=== Recorded data ===
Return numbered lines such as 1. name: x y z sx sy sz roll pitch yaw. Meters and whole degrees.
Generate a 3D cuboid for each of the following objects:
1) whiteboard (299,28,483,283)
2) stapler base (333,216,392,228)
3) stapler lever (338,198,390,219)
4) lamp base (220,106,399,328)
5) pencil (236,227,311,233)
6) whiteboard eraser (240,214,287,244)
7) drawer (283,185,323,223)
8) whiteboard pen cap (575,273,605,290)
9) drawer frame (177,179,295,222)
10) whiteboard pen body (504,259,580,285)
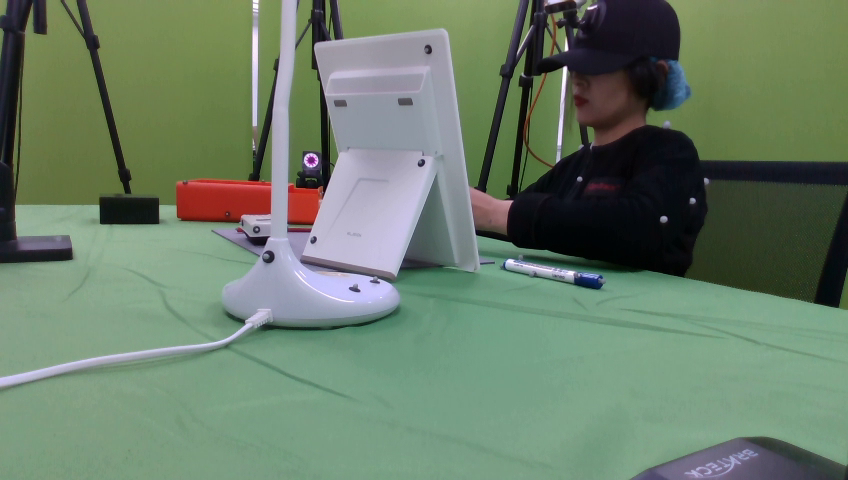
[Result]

=== Exercise description ===
Where a line contains "2) stapler base (333,216,392,228)", begin there and transcribe every line through the last one of the records above, exactly and with no pictures.

=== Written response ===
2) stapler base (333,216,392,228)
3) stapler lever (338,198,390,219)
4) lamp base (220,106,399,328)
5) pencil (236,227,311,233)
6) whiteboard eraser (240,214,287,244)
7) drawer (283,185,323,223)
8) whiteboard pen cap (575,273,605,290)
9) drawer frame (177,179,295,222)
10) whiteboard pen body (504,259,580,285)
[Result]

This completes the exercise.